China has plans for between 50 and 80 new hydroelectric dams, most of them in Yunnan Province in Southwest China. (Wilson Center, China Environment Forum)

CURWOOD: Wait a second, I’m scratching my head here.

TURNER: [LAUGHS]

CURWOOD: Hydropower is supposed to reduce the need to use coal, but because there’s not enough water, they’re putting up coal plants anyway next to these hydropower things?

TURNER: That’s what we discovered in the time when there was particularly bad drought, but droughts are growing more common. Again, remember when I said that the builders are leading the planning so the rivers are not being evaluated carefully before these dam cascades go in.

CURWOOD: Jennifer, please tell me about the region of western China that’s experiencing this dam boom?

TURNER: The richest nature in some ways - it’s kind of retreated to this far southwestern part of China. So you have, in essence, giant Yellowstone Park type areas down there with many different types of ecosystems, from bamboo groves to savannas to meadow to freshwater, wetlands, to coniferous forests. You have everything. It’s beautifully diverse, particularly in terms of the plant life. Animal life, not as much. I mean, over the past decades as China’s developing has been pushing further west, you’ve seen some of the larger species, the elephants - they’re disappearing - tigers no longer really exist in the wild, but where there are the pandas and some of these larger species, it is in southwest China and their habitat is increasingly being eaten up by development, and hydropower is really at the frontlines of that development.


The iconic panda bear still makes its home in some remote patches of Yunnan Province.

CURWOOD: Now what about the biodiversity corridors that rivers generally provide? I mean, what are the impacts there from building these dams?

TURNER: We have more information about the fish species. I mean, not only are nature reserves being just ignored, the fact that the fish, they can no longer migrate the way they are supposed to. They’re have been attempts to do some kind of fish farming to try to reinvigorate the fish species, but then when the small fish, the little fry, go downstream they just get killed basically going through the turbines and the many dams. They really can’t survive the process as they move downstream.

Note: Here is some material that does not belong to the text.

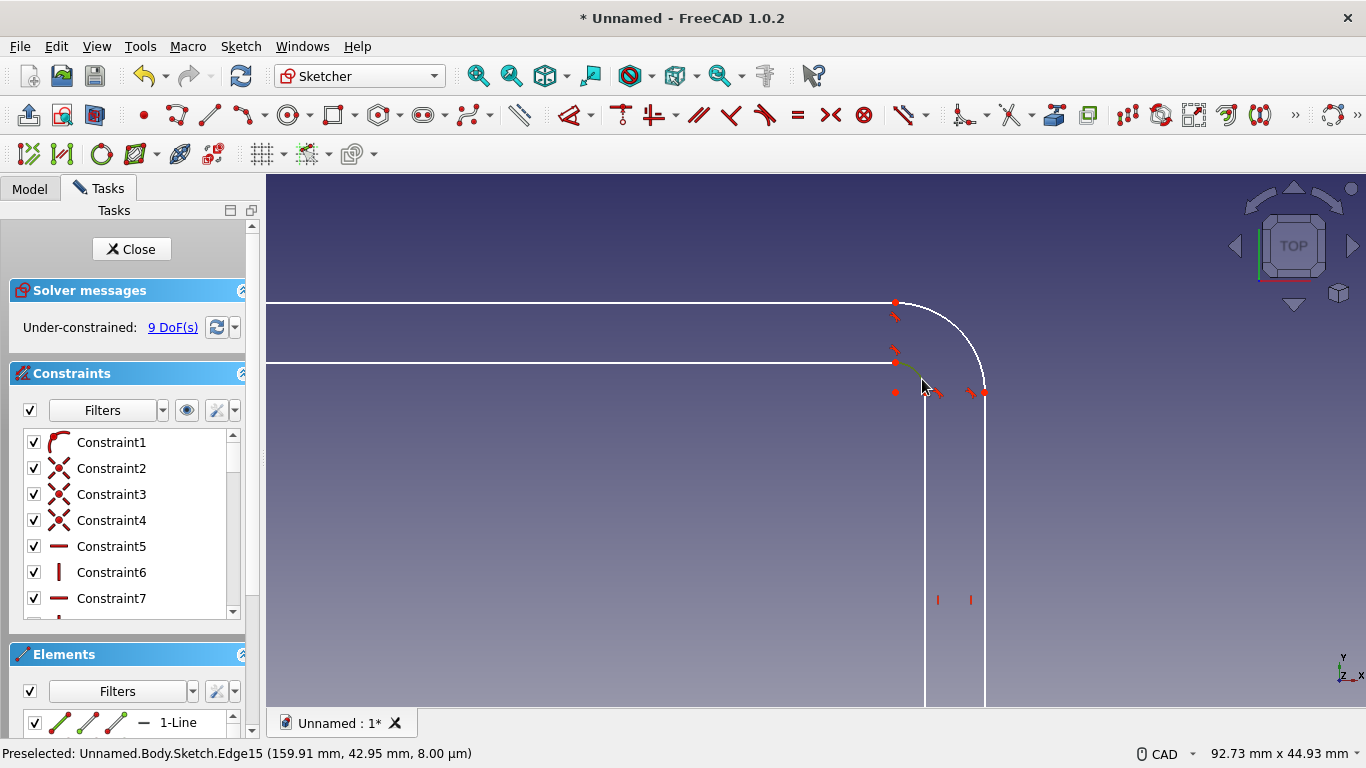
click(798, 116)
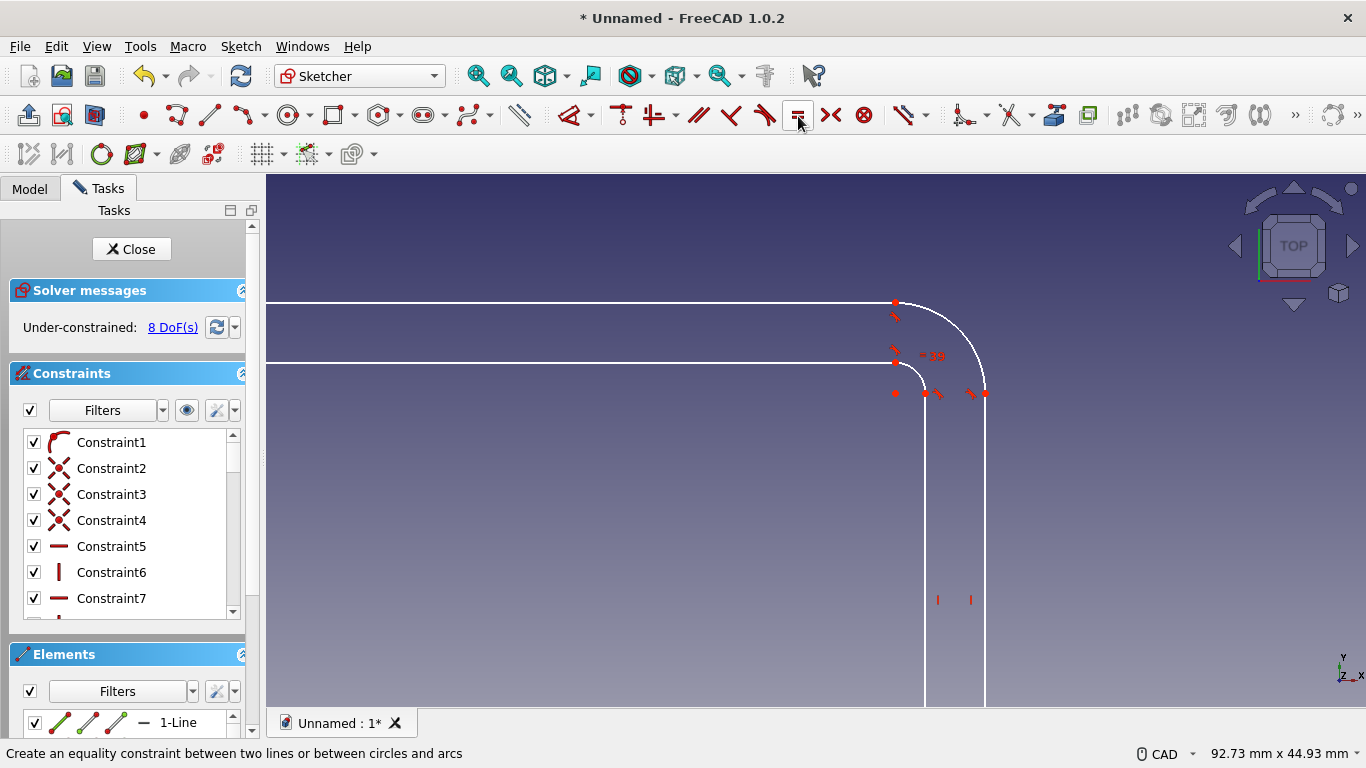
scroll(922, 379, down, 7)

CURWOOD: Well, building new coal-fired power plants is bad for air quality and the climate and hydrodams are bad for the animals, the ecosystem, biological diversity. What’s China supposed to do?


Yunnan Province is in the Southwest of China, bordering Vietnam, Laos, and Myanmar. (Wikipedia.com)

TURNER: Between a rock and a hard place. China is going to keep building hydropower, but dam siting could be done better in looking at the environmental impact. Current dams could be managed better. But it is really a race, because when we look at the growth in electricity use in China, it doubled between 2000 and 2007, it’s in the process of doubling again, and so it’s a rush to try to get enough electricity to keep the economy running, to continuing being the world’s factory. It’s tough, and I can’t say that I can give a complete answer on what they should do except perhaps to ramp up some of the less environmentally-damaging forms of power that they’re working on. Renewables like the wind, the solar, and particularly on energy efficiency. A lot more could be done on that account.

CURWOOD: Jennifer Turner is Director of the China Environment Forum at the Woodrow Wilson International Center for Scholars. Thanks so much for taking the time today.

TURNER: Thanks so much for talking to me.